4.bölüm-Her şey yeni başlıyor."İyilerin intikamı kötülerin günahından daha acımasızdır."
Hayat çok tuhaftır. İnsanları anlayamazsınız çoğu zaman. Bazı insanları ise ilk görüştü anlarsınız. Kaderin sizinle nasıl oynayacağını bilemezsiniz. Sadece her şeye rağmen yaşamaya devam edersiniz. Anlam veremediğiniz çok durum olur ama siz yine de hiç birine anlam veremeden yaşamaya devam edersiniz. Tıpkı şu an benim yaptığım gibi.
Yaşlı adamın demeye çalıştıklarına anlam veremiyordum. Başımı refleks olarak Meriç'in olduğu masaya çevirdim. Ardından camdan baktım.
Cama vuran loş ışık geceyi aydınlatmaya yetiyordu. Zira ne kadar az ışık o kadar çok huzur. Gözümü kafeteryanın ışığından alamazken başım dönüyordu.Başımı tekrardan karşıya çevirdiğimde bize doğru gelen hemşireleri gördüm. Ben daha ne olduğuna anlam veremeden bir tanesi yaşlı adamın koluna girdi.

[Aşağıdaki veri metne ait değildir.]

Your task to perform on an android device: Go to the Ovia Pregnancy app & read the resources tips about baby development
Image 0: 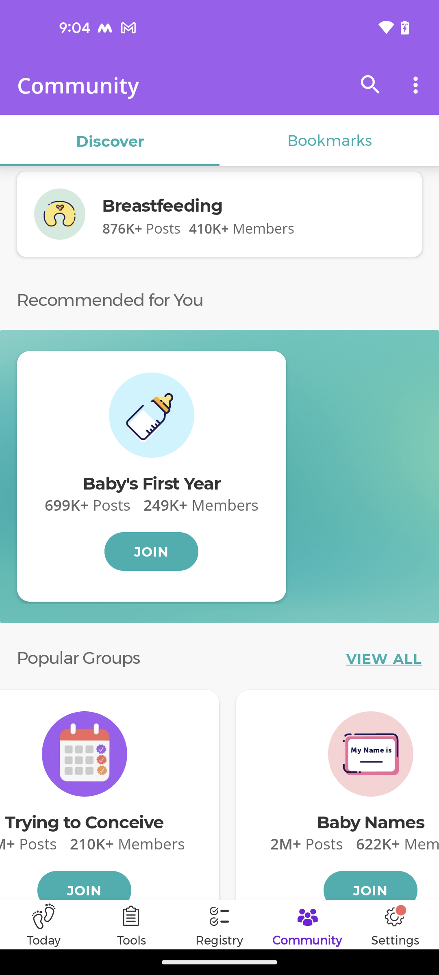
open the Ovia Pregnancy app
Step 0: open app "Ovia Pregnancy"
Image 1: 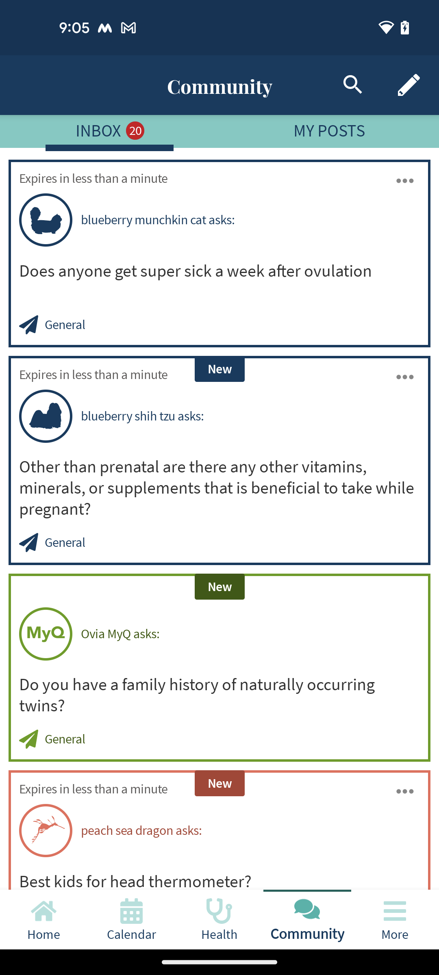
click on the home tab at the bottom left corner of the screen
Step 1: click (44, 919)
Image 2: 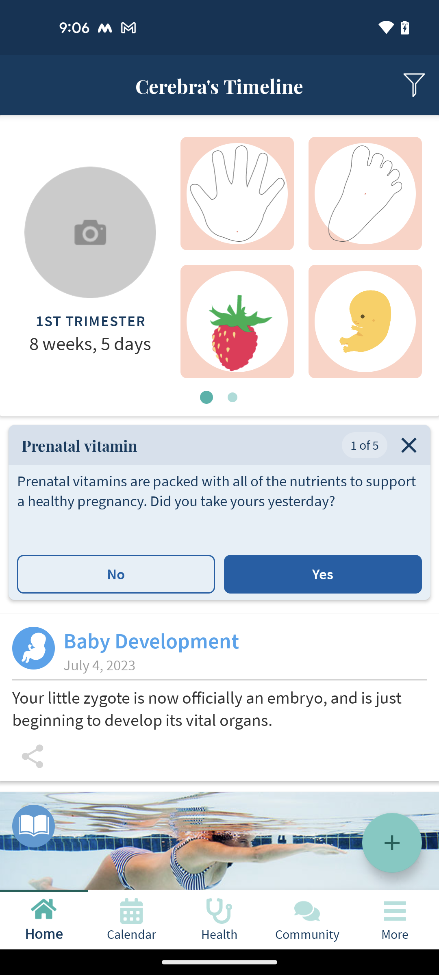
click on the Baby Development resource
Step 2: click (247, 641)
Image 3: 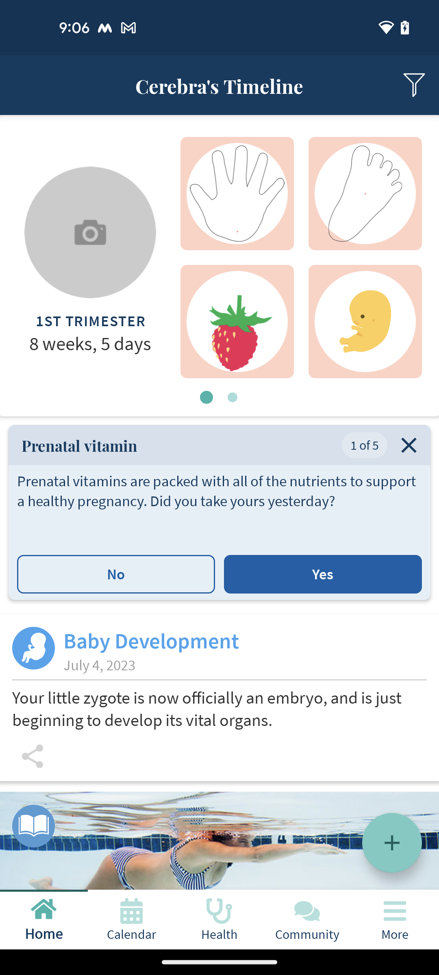
scroll down to read
Step 3: scroll down
Image 4: 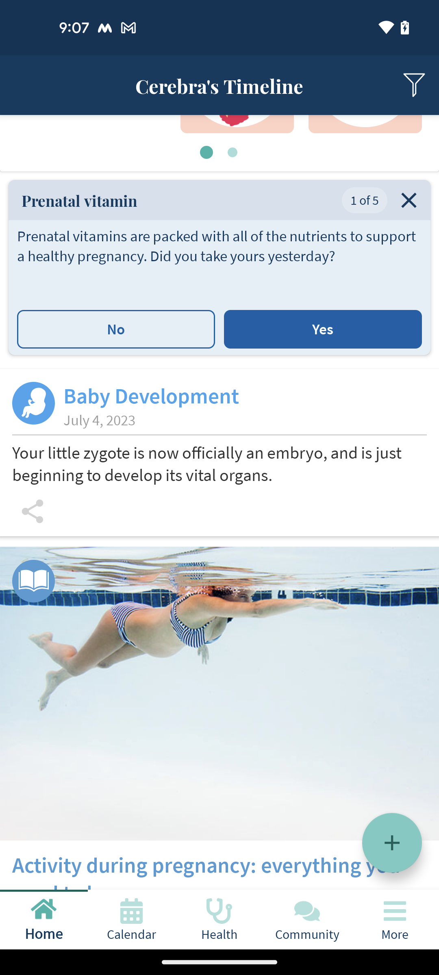
scroll down to read
Step 4: scroll down

"Muhsin amca senin yerin burası değil, sen yukarıda odanda yiyorsun yemeğini." Kadın hemşire kolundan tutup götürmeye çalışıyordu ki gözlerimin içine baktı yaşlı adam.
"Pişman olmayacaksın." Diye fısıldadı tekrardan. Bedenim şok etkisi geçiriyordu adeta. Kafamı karıştıran bu cümleler bir yana başımın şiddetli ağrısıda neyin nesiydi? Kendimi sarhoş gibi hissediyordum. Gözüm etrafı süzüyordu. Sanki yeni anlamıştım nerde olduğumu. Ben Akıl Hastanesindeydim! Bir kaç adım ileriye doğru atayım derken dengemi kaybettim. Masanın köşesini tuttum sıkıca. Aysun elinde saatle korkuyla bana bakarken Kerim amca hiç bir şeyi umursamayıp elindeki sallama çayla oynuyordu.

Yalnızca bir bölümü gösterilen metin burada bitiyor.